Mercado imobiliário em 2024: quais as tendências para quem investe em imóveis?

Veja o que a economia reserva para quem tem a intenção de comprar, vender ou alugar uma casa ou apartamento

Por Redação - 21/11/2022 às 19:48
Atualizado: 02/10/2024 às 11:22
A foto mostra vários prédios grandes vistos de baixo para cima.
  • O mercado imobiliário brasileiro em 2024 apresenta perspectivas positivas impulsionadas pela queda de juros, redução do desemprego para 7,5% e inflação controlada dentro da meta.
  • A redução da taxa Selic pelo Banco Central viabiliza financiamentos com taxas menores e estimula a economia, enquanto programas governamentais como expansão do Minha Casa Minha Vida ampliam acesso à moradia para famílias de baixa renda.
  • O aquecimento do mercado pode elevar preços dos imóveis e reduzir demanda por aluguel, criando riscos para investidores locadores, mas oportunidades para compradores com maior poder de compra e acesso a crédito.
Resumo supervisionado por jornalista.

Antes de comprar, vender ou alugar um imóvel, é fundamental estar ciente das principais tendências econômicas do momento. Nesse contexto, o que podemos esperar do mercado imobiliário em 2024?

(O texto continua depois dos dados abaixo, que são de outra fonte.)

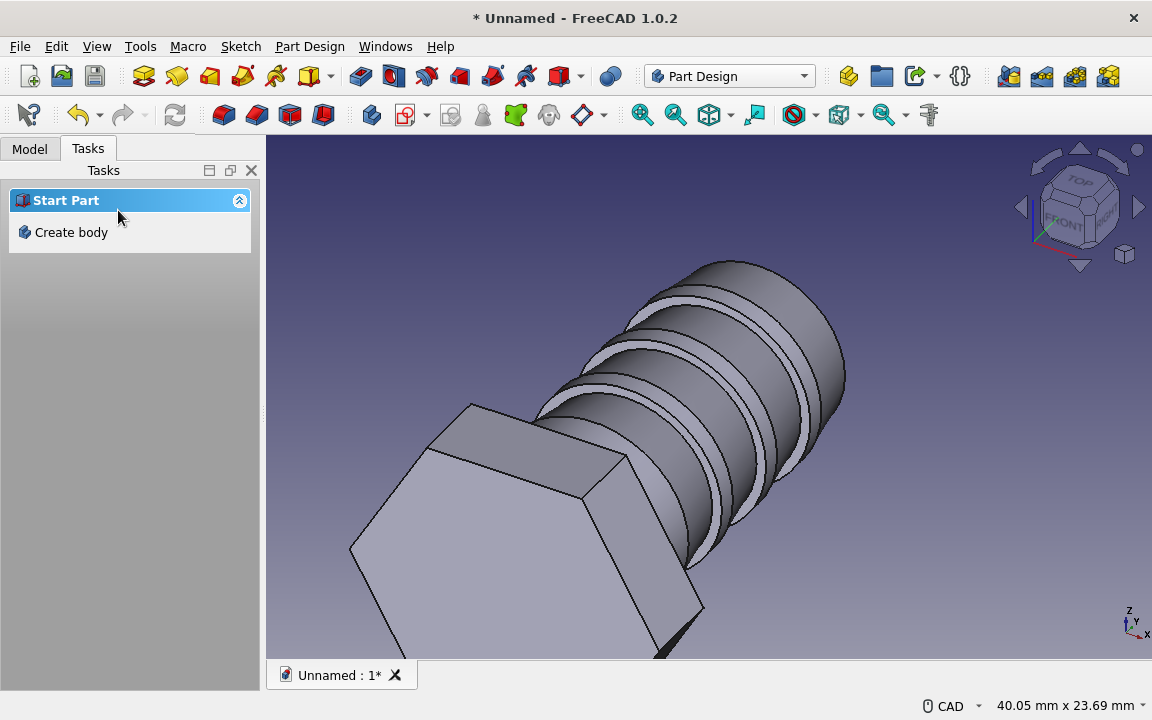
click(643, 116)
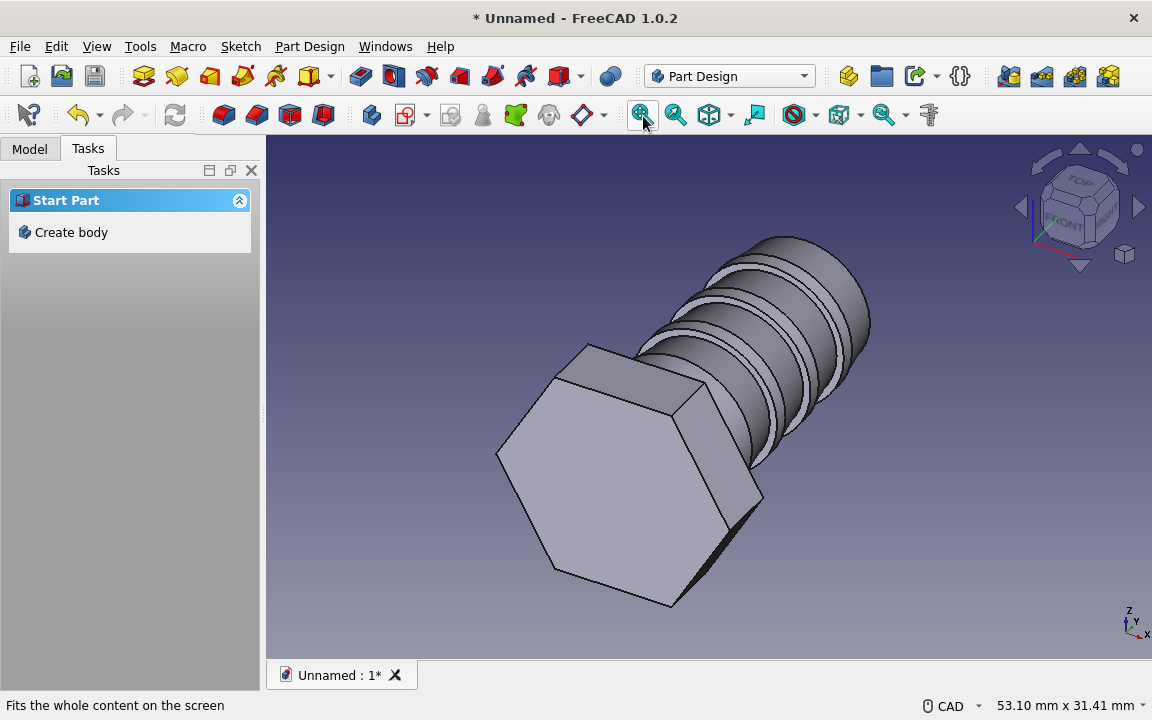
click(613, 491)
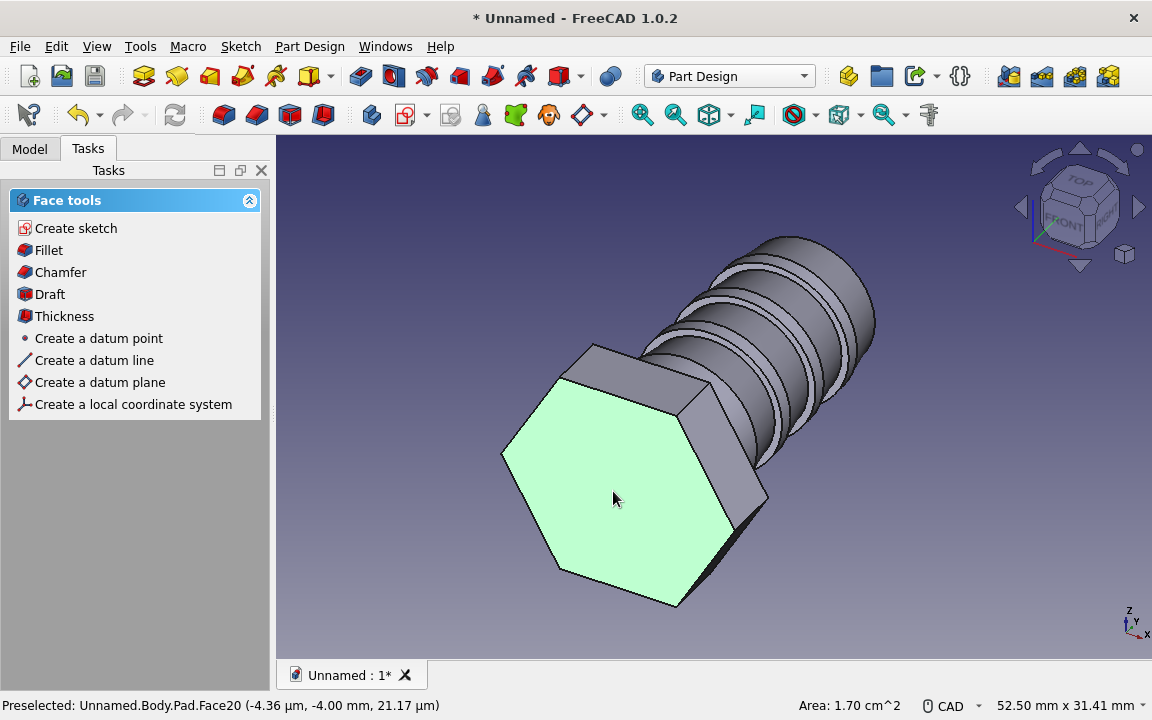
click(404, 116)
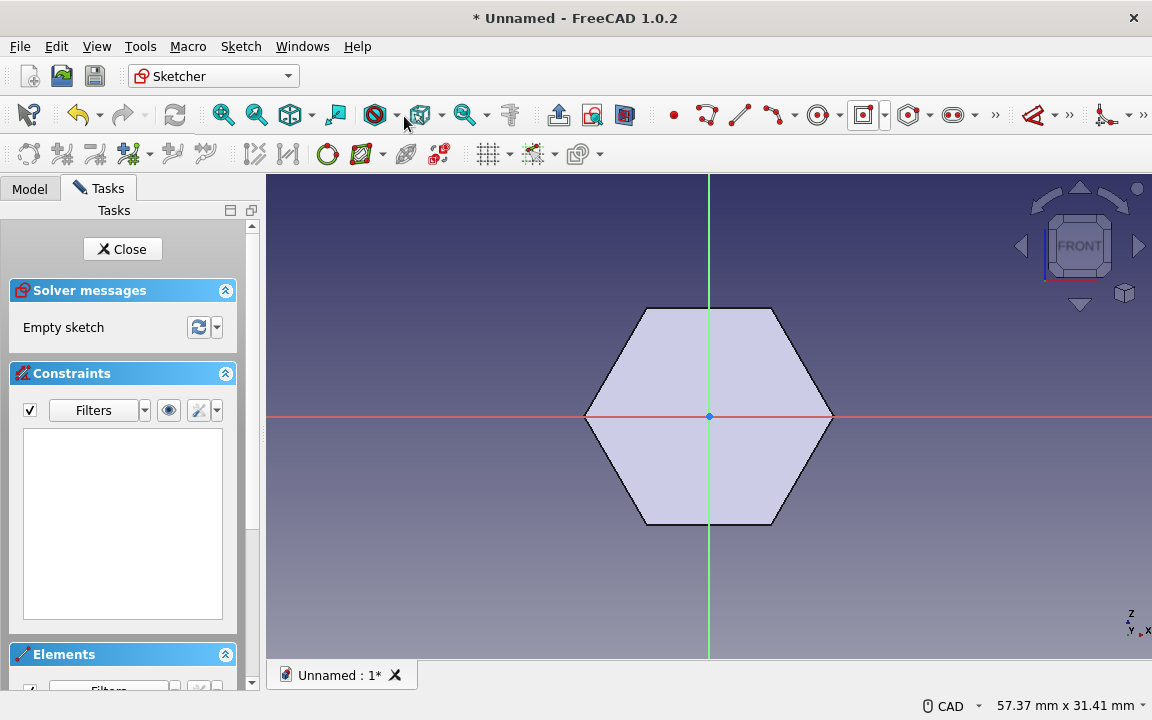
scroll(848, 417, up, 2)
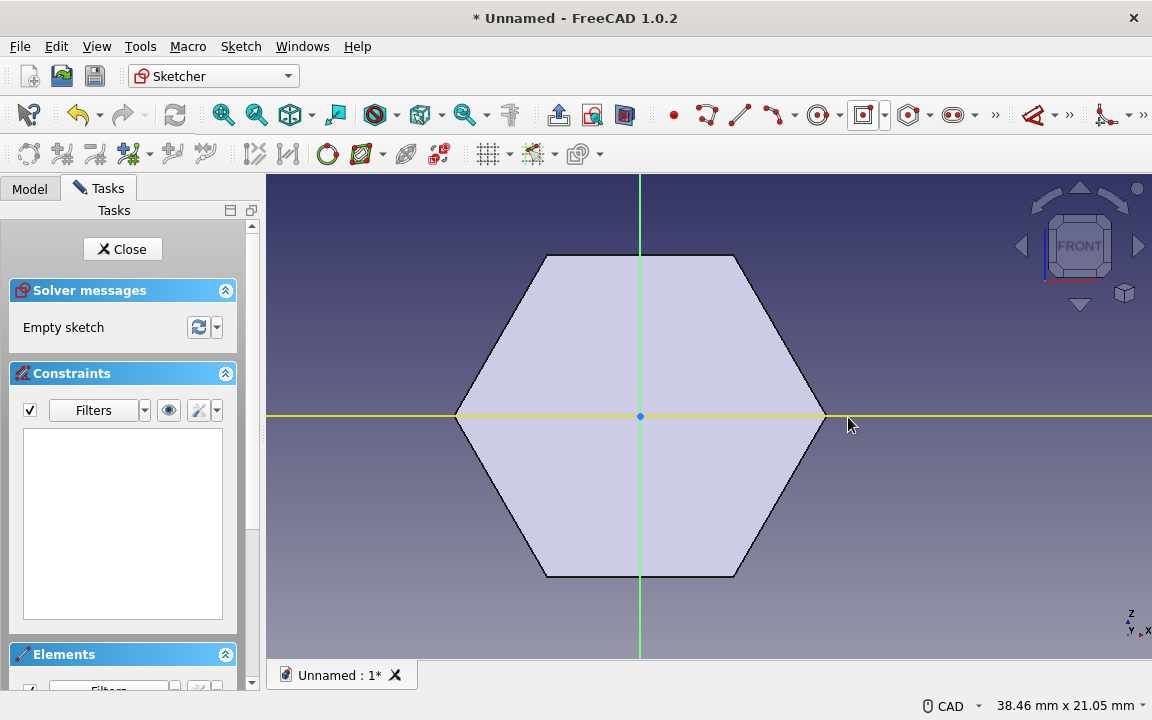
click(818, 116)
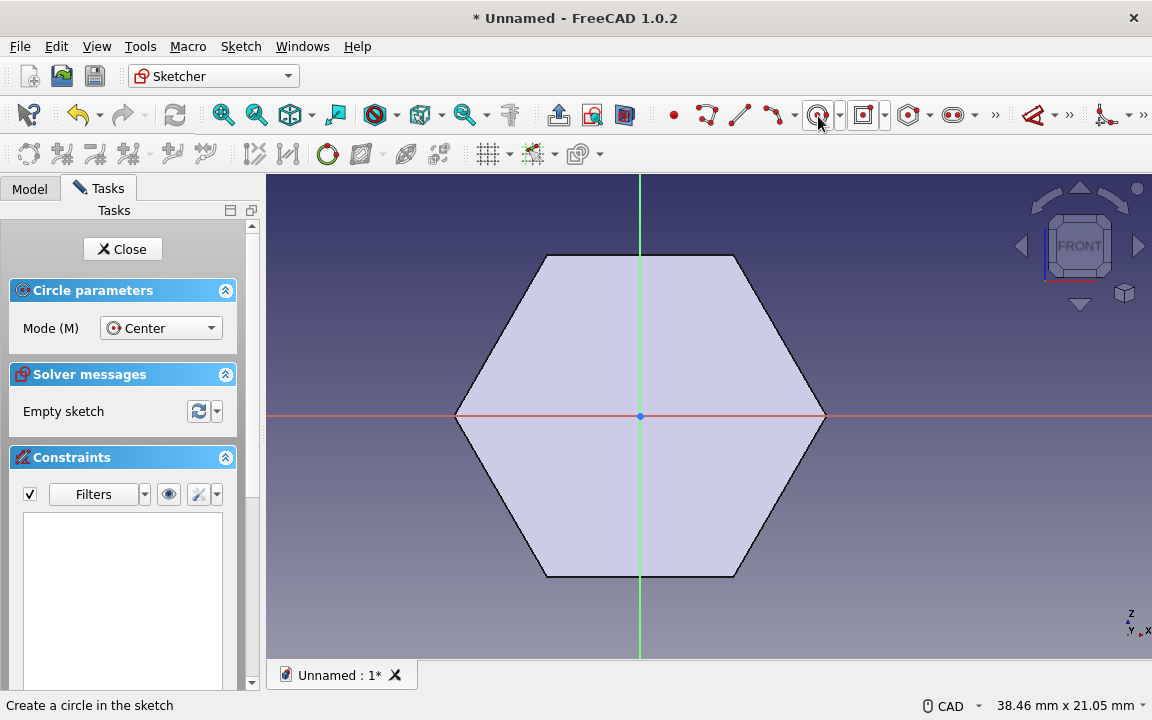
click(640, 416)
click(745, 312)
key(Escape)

Embora o mercado imobiliário todo ano seja atingido por fatores imprevisíveis – e não necessariamente reaja sempre da mesma maneira a eles -, algumas variáveis podem indicar o melhor a ser feito neste ano.

Neste artigo, trazemos um resumo do que pode impactar nos preços dos imóveis, bem como na demanda por aluguéis e financiamentos.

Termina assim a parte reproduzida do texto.